DATA IN THIS EXERCISE >>

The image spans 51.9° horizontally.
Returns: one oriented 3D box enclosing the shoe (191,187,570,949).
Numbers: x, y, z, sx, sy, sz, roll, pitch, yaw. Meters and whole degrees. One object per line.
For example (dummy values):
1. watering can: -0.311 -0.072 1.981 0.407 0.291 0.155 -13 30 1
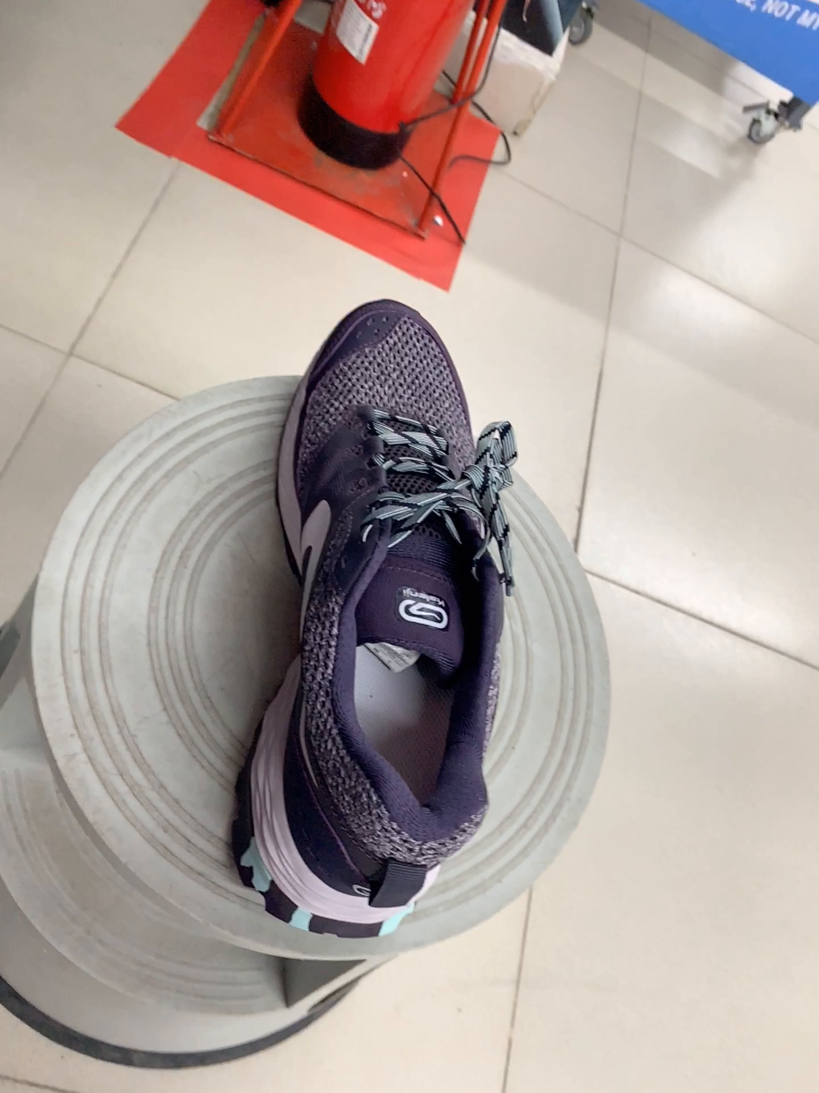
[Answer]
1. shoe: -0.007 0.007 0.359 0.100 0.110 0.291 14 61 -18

* * *

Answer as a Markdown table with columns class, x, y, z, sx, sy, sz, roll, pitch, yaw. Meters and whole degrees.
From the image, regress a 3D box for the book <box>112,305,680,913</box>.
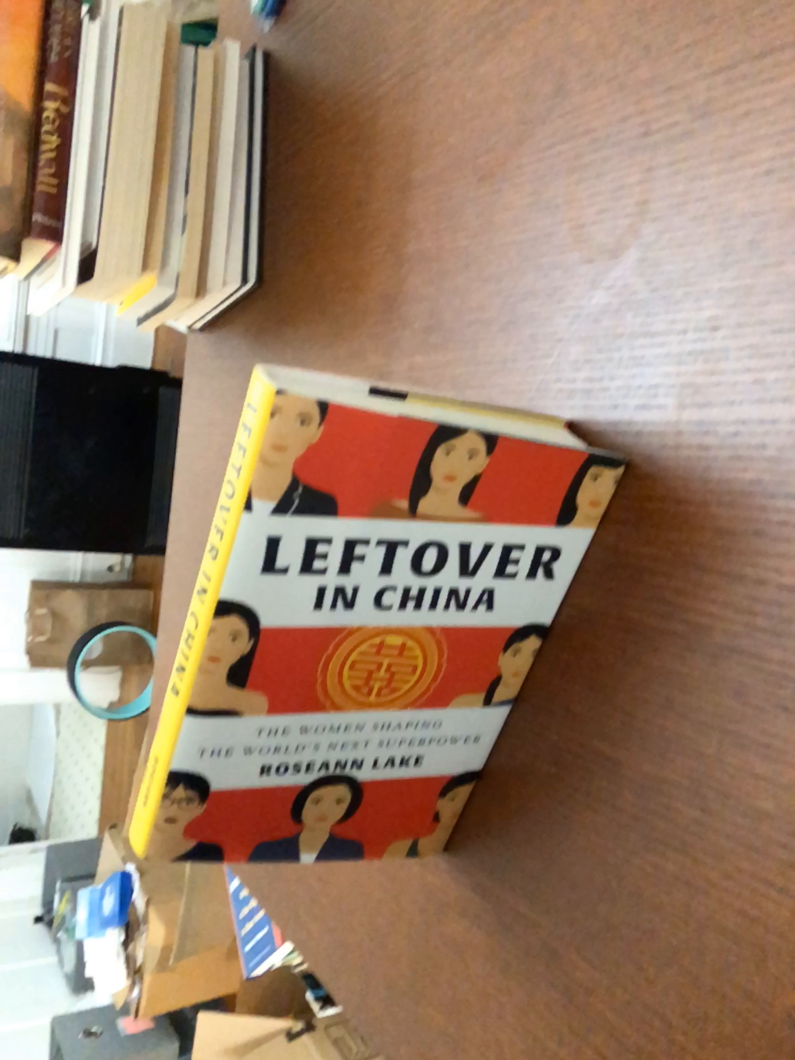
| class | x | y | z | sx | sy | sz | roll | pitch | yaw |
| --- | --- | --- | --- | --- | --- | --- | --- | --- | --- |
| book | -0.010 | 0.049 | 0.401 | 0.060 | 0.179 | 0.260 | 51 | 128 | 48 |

==

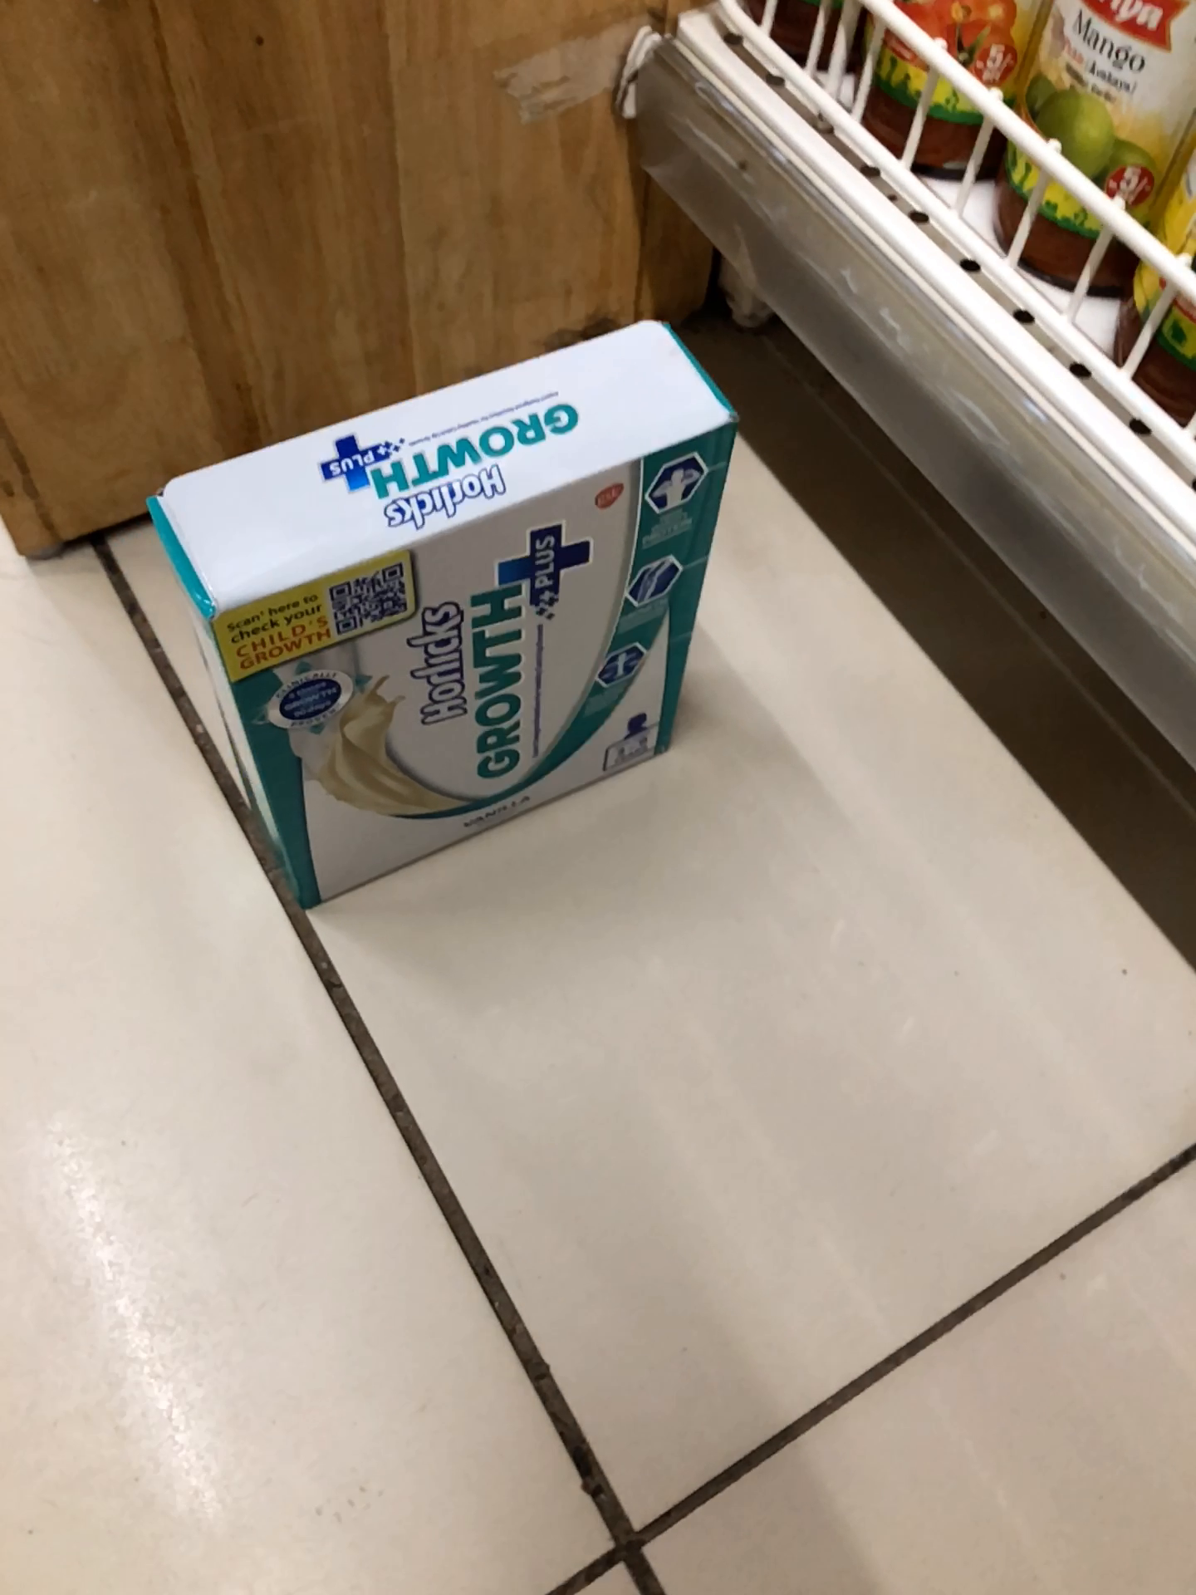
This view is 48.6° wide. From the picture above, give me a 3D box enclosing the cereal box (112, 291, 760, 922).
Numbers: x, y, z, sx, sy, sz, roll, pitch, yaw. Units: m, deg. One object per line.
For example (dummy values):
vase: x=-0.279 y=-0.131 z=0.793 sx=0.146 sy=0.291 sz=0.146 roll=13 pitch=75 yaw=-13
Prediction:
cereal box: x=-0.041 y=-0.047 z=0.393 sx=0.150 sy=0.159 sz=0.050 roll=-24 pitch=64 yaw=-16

YOUR OBJECTIVE >> Each line in the entries above, starting at the line with "deg. One object per line." and ending at the line with "vase: x=-0.279 y=-0.131", is to be printed exactly, and only those lines.

EXERCISE SOLUTION >>
Numbers: x, y, z, sx, sy, sz, roll, pitch, yaw. Units: m, deg. One object per line.
For example (dummy values):
vase: x=-0.279 y=-0.131 z=0.793 sx=0.146 sy=0.291 sz=0.146 roll=13 pitch=75 yaw=-13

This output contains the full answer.